Location
- Bohusgatan 24-26, SE-116 67 Stockholm Sweden
- Coordinates: 59°18′25″N 18°04′54″E﻿ / ﻿59.306856°N 18.081772°E

Information
- Type: State School
- Established: 1999
- School district: Stockholms Stad
- Head of school: Karin Henrekson-Alberg
- Grades: Kindergarten to 12
- Website: internationalschoolofthestockholmregion.stockholm.se

= International School of the Stockholm Region =

The International School of the Stockholm Region (ISSR) is a school in Stockholm, Sweden. It is located on Bohusgatan in Skanstull on the island of Södermalm. The school offers the International Baccalaureate Diploma Programme, and is an IB World School and a UN School.

==History==
The school was founded in 1999 by Stockholm Municipality as IB School South, and was renamed in 2012 to its current name.

==Curriculum==
The International Baccalaureate Primary Years Programme (PYP) - for students aged 3 to 12 focuses on the development of the whole child in the classroom and in the world outside.

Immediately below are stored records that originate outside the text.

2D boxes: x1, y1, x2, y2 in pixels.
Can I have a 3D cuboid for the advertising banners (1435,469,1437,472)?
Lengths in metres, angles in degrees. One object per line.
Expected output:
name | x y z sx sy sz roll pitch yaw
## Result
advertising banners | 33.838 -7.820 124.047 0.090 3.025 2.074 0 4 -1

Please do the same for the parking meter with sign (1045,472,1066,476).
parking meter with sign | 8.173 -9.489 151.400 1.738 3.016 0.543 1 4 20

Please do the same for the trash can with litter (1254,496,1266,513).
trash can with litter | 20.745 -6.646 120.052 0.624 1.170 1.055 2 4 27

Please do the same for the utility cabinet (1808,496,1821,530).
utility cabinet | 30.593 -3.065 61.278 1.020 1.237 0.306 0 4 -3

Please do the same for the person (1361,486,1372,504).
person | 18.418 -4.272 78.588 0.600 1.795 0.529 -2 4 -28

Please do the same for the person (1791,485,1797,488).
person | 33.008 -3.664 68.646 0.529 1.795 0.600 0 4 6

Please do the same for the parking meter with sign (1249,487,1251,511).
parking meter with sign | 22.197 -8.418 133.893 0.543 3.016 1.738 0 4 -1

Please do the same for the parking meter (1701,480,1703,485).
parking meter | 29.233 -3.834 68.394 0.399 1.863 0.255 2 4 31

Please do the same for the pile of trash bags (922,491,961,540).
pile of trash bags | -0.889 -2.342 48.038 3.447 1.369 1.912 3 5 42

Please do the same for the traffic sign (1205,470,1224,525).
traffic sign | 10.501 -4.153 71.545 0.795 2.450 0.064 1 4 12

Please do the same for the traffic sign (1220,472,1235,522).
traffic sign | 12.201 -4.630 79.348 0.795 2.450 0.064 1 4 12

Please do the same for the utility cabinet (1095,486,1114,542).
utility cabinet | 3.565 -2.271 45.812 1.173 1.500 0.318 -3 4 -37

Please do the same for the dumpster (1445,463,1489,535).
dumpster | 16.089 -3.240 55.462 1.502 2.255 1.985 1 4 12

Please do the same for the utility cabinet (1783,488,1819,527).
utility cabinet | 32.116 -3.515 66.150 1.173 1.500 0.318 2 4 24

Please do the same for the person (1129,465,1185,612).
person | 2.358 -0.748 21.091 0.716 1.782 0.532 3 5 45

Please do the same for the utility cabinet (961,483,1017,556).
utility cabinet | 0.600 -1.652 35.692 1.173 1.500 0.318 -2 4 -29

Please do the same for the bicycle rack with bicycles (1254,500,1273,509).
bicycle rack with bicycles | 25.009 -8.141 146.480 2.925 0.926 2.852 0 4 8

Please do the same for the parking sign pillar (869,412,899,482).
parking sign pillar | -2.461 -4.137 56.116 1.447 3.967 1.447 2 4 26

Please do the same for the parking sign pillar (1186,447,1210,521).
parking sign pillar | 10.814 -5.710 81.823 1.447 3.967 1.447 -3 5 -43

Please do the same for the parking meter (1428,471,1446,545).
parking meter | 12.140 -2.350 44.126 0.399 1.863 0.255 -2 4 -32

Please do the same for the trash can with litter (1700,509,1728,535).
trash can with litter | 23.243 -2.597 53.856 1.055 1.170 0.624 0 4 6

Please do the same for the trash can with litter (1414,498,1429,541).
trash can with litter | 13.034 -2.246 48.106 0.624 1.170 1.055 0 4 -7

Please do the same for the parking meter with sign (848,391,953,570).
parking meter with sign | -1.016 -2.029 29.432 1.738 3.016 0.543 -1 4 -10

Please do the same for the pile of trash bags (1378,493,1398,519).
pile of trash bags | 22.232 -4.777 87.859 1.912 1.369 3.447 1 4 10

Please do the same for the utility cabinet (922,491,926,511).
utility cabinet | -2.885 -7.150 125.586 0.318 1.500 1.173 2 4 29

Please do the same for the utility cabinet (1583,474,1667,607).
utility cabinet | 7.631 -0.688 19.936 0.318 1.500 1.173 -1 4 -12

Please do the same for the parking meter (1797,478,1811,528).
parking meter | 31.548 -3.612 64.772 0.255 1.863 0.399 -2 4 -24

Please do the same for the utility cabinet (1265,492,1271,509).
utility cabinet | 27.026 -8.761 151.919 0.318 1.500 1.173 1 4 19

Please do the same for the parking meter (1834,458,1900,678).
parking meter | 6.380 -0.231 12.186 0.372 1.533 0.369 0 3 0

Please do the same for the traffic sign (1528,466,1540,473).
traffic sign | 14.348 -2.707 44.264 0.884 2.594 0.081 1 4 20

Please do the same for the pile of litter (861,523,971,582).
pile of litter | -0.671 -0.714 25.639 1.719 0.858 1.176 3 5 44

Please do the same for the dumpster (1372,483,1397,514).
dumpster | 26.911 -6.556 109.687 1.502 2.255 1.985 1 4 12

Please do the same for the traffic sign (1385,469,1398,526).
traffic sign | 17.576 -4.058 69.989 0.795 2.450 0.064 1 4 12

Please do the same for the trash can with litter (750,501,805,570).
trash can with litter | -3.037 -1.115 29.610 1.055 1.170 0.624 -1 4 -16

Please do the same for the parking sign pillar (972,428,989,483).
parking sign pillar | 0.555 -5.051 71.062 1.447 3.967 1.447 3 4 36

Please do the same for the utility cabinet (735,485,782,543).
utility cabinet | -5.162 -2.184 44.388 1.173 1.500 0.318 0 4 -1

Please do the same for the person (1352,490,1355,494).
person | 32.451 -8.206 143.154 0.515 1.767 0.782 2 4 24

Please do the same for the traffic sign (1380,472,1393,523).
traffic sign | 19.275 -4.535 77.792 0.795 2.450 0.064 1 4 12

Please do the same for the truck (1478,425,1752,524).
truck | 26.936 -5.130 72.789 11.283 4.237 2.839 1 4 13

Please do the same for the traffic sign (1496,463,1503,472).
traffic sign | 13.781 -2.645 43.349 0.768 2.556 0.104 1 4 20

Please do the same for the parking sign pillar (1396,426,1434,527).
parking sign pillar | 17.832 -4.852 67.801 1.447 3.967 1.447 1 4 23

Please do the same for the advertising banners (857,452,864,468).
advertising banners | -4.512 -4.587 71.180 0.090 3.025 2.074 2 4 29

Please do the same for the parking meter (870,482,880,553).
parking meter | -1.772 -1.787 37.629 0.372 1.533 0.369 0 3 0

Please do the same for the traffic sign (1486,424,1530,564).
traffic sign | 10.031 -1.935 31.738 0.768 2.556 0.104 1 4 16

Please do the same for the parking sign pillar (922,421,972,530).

The International Baccalaureate Middle Years Programme (MYP) - for students aged 11 to 16 - provides a framework of academic challenge and life skills, achieved through embracing and transcending traditional school subjects.

The International Baccalaureate Diploma Programme (DP) - for students aged 16 to 19 - is a demanding two-year curriculum leading to final examinations and a qualification that is welcomed by leading universities around the world.